INSTRUCTIONS TO FOLLOW
Each line from the one with "This screenshot has width=953, height=1232. At" through the end of the records below should be transcribed exactly, and each picture should be skipped.

TASK DATA
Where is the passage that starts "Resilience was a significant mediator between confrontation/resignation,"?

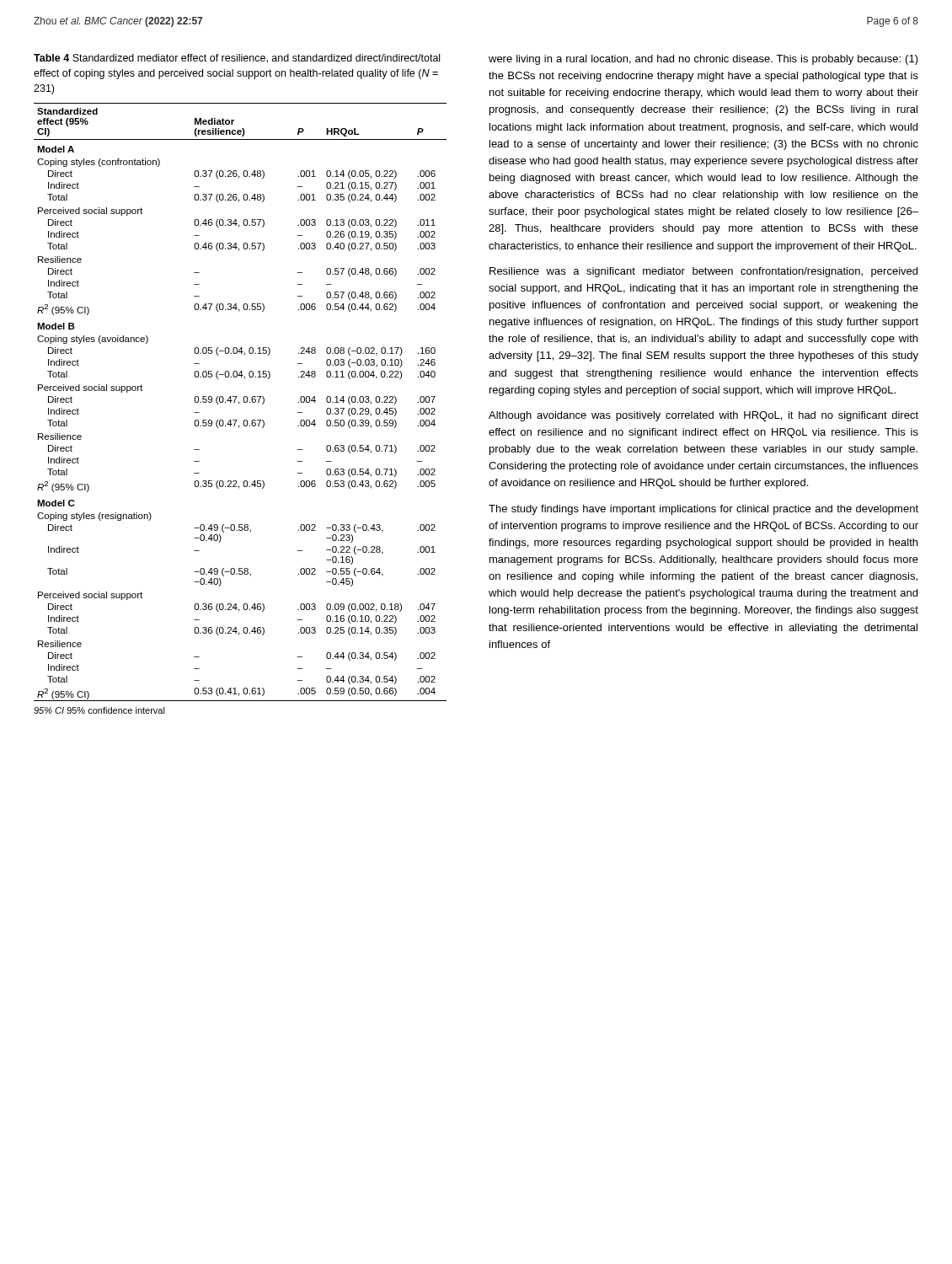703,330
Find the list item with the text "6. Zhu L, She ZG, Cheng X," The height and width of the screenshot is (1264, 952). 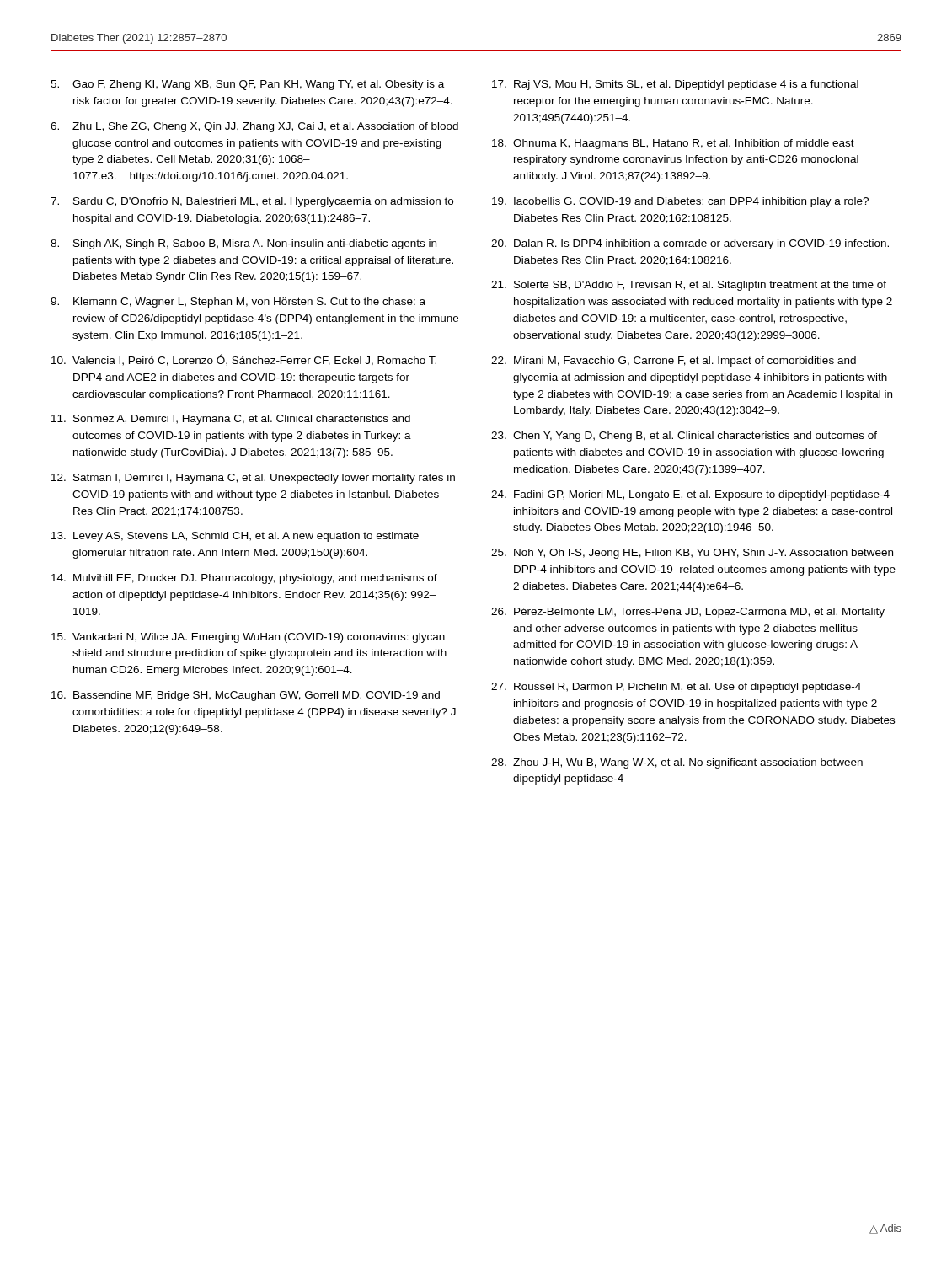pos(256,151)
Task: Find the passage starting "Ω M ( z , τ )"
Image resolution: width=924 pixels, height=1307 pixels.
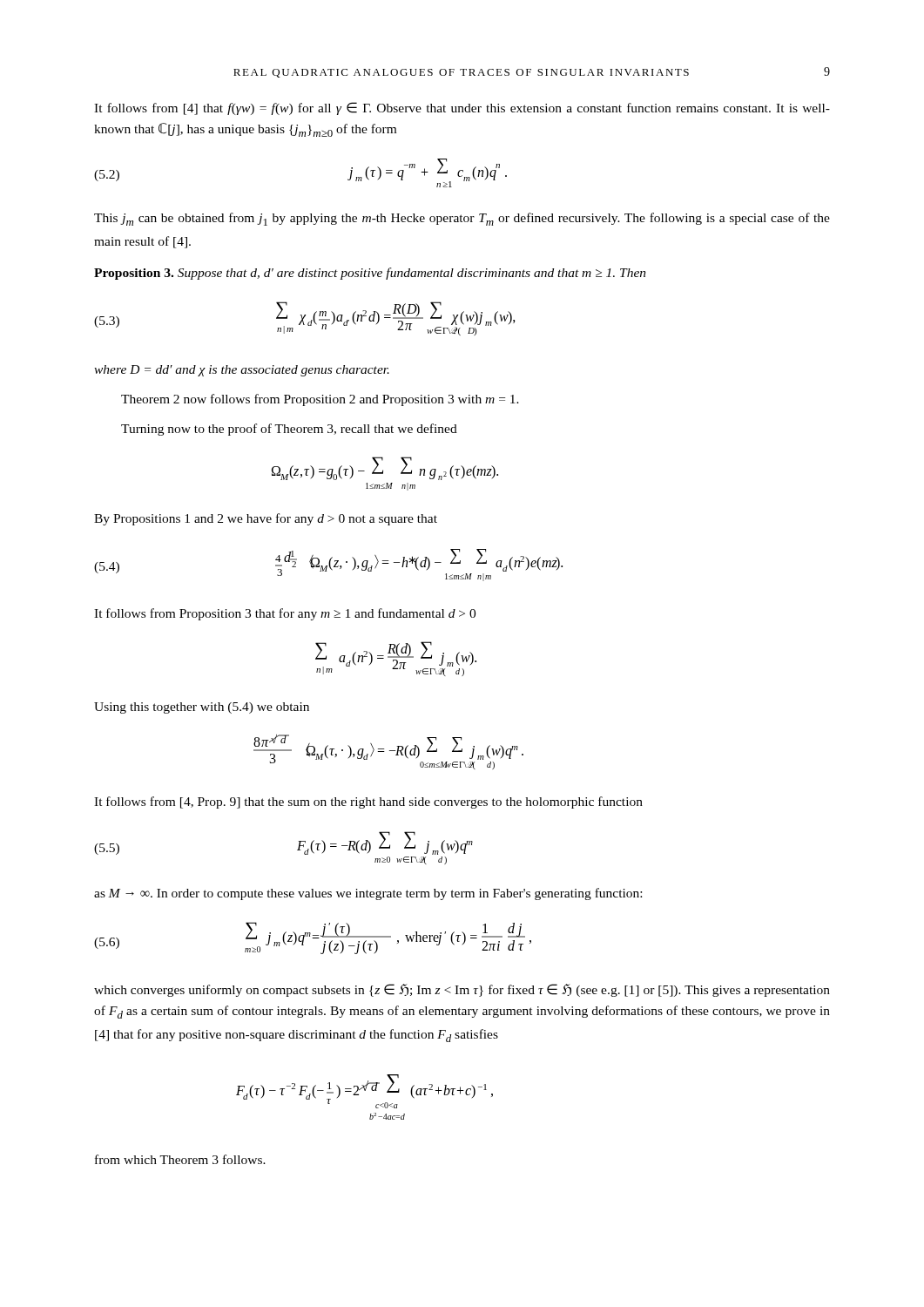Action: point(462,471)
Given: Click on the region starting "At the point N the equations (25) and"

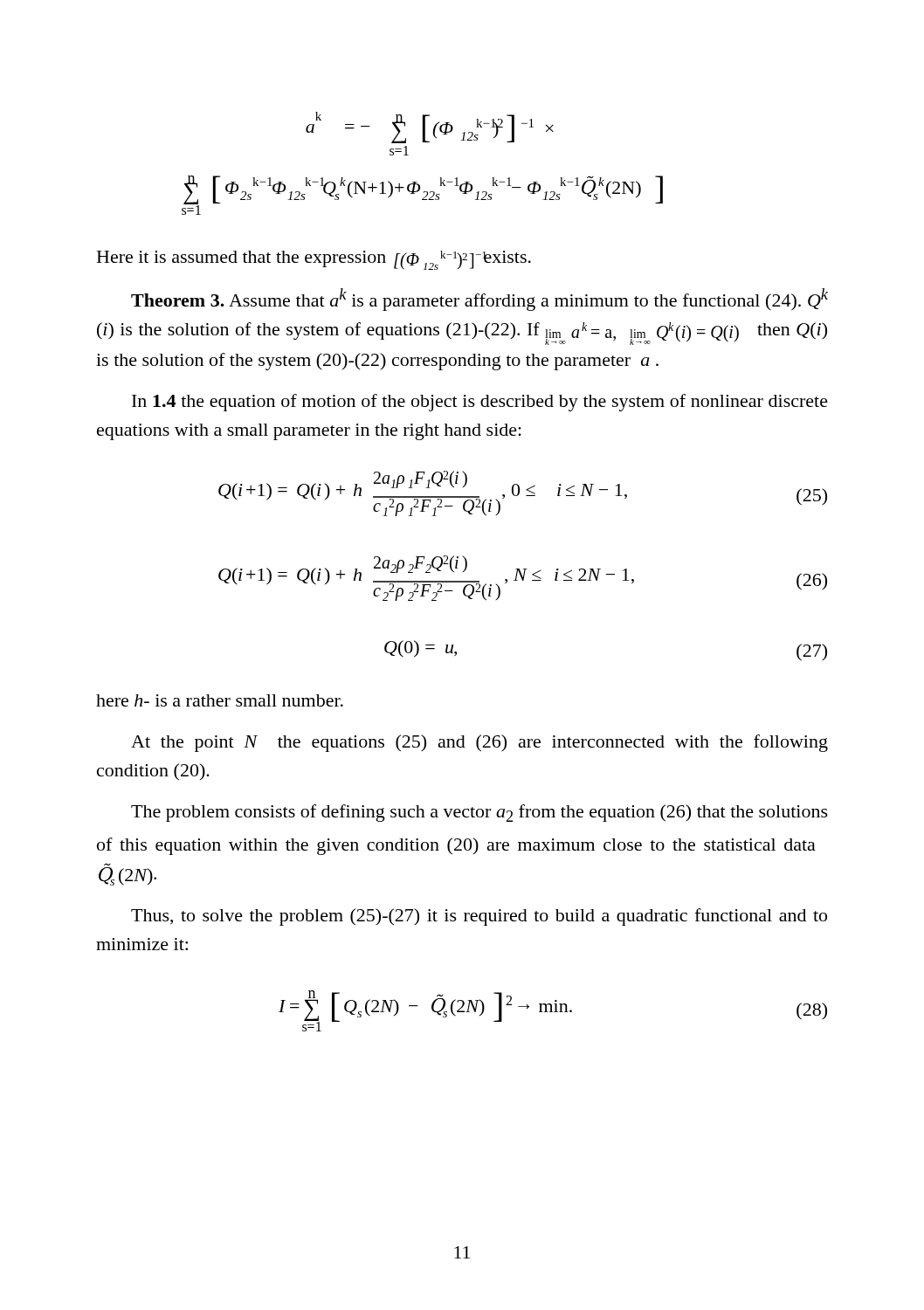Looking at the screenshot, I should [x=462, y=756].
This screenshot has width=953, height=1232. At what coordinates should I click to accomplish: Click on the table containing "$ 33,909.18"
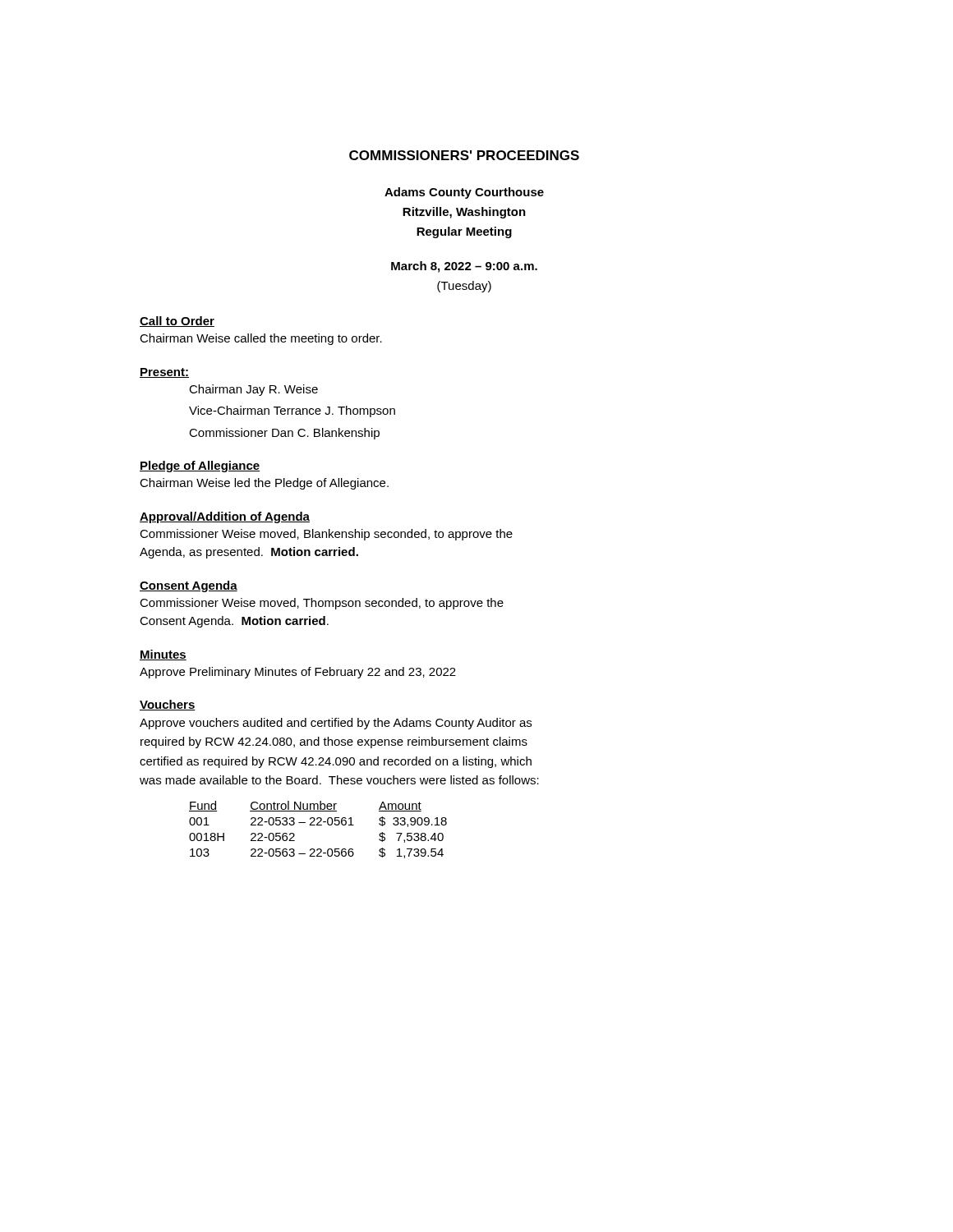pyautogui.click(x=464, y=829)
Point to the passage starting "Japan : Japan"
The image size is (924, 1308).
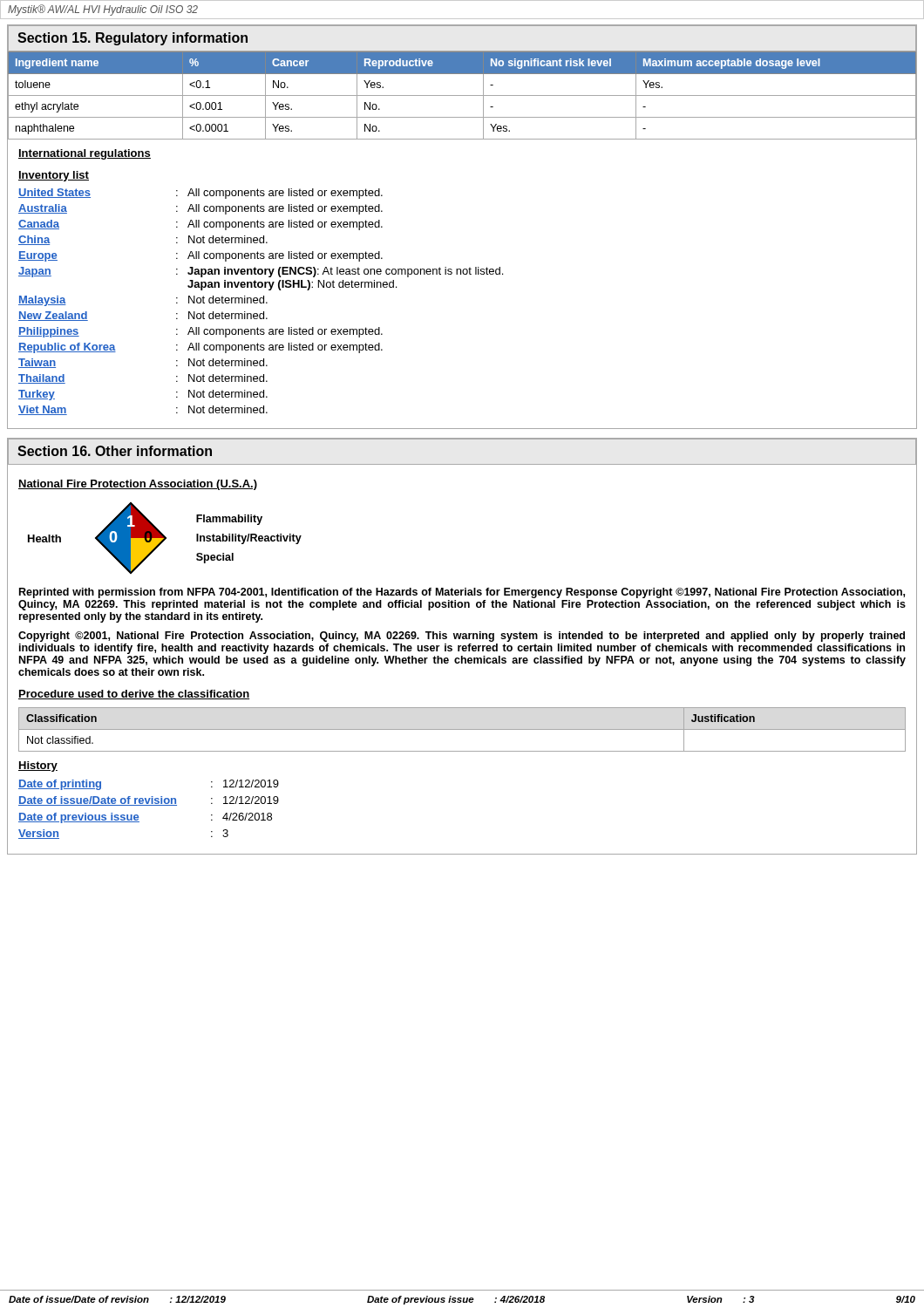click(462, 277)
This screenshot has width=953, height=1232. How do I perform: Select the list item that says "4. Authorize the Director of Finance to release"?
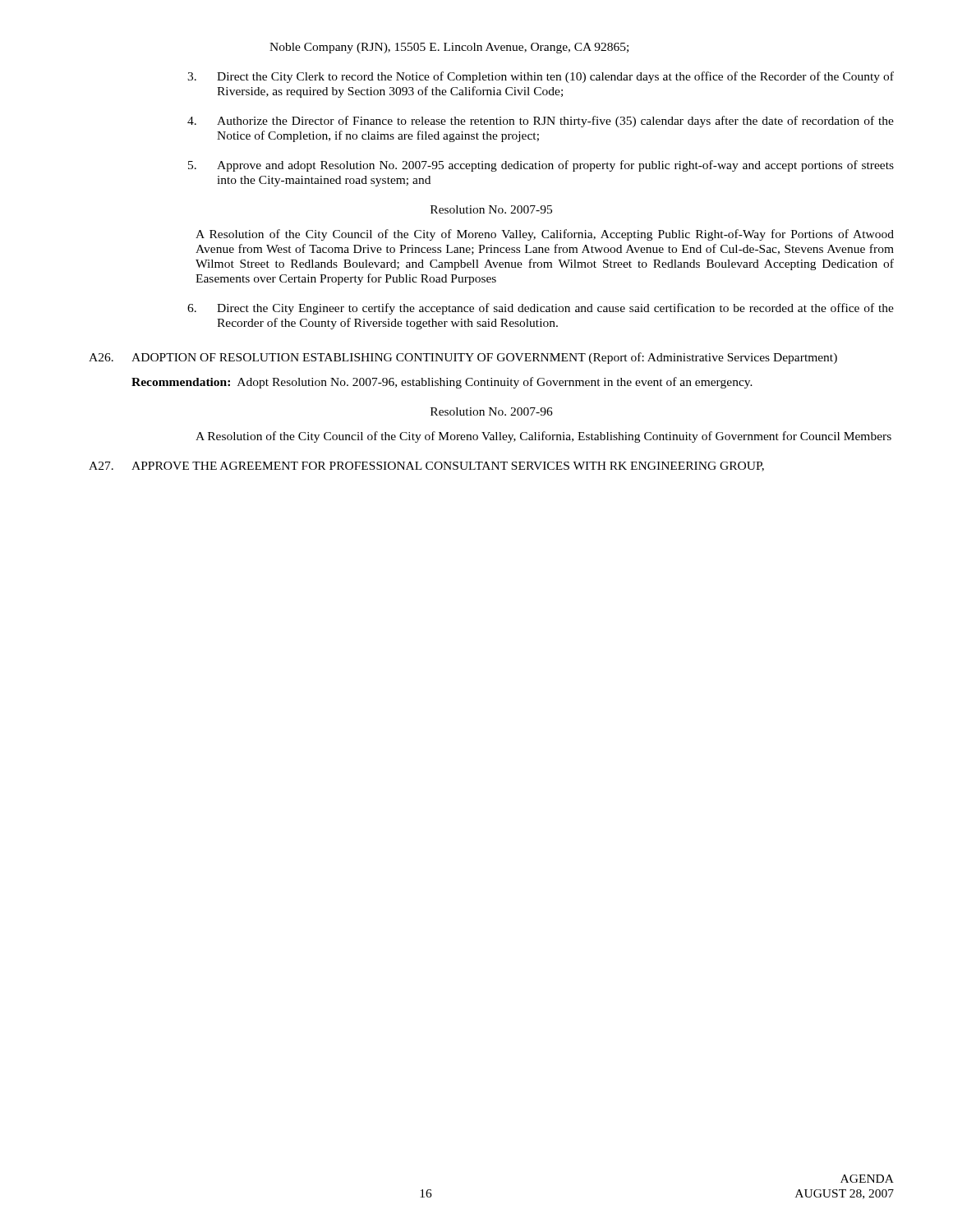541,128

EXERCISE SOLUTION
This screenshot has width=953, height=1232. At what coordinates should I click to accomplish: Click on the table containing "$ 33,909.18"
pyautogui.click(x=464, y=829)
Point to the passage starting "Japan : Japan"
The image size is (924, 1308).
click(462, 277)
This screenshot has width=953, height=1232. How do I perform: Select the list item that says "4. Authorize the Director of Finance to release"?
541,128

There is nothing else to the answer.